• _Data under study_

/---

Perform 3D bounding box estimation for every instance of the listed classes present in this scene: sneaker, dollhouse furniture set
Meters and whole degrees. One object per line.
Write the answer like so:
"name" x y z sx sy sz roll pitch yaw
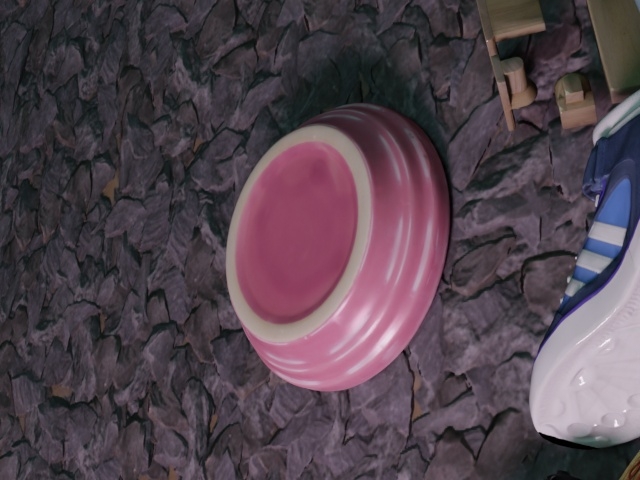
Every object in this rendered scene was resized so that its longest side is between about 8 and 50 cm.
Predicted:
"sneaker" 0.278 0.004 1.178 0.236 0.130 0.322 -81 9 -50
"dollhouse furniture set" 0.247 -0.168 1.319 0.151 0.123 0.144 -13 63 9

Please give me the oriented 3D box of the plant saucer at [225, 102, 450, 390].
"plant saucer" 0.000 0.000 1.509 0.332 0.084 0.332 -21 62 45

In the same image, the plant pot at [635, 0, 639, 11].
"plant pot" 0.379 -0.181 0.993 0.293 0.293 0.196 -16 85 46

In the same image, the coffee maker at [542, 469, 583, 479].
"coffee maker" 0.194 0.317 1.166 0.178 0.120 0.171 -47 70 31

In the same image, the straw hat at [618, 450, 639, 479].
"straw hat" 0.306 0.181 1.097 0.061 0.144 0.144 41 115 7

\---

• _Task_
Scan the listing for the word "this". Copy every line in which it appears.

• _Exercise output_
Perform 3D bounding box estimation for every instance of the listed classes present in this scene: sneaker, dollhouse furniture set
Every object in this rendered scene was resized so that its longest side is between about 8 and 50 cm.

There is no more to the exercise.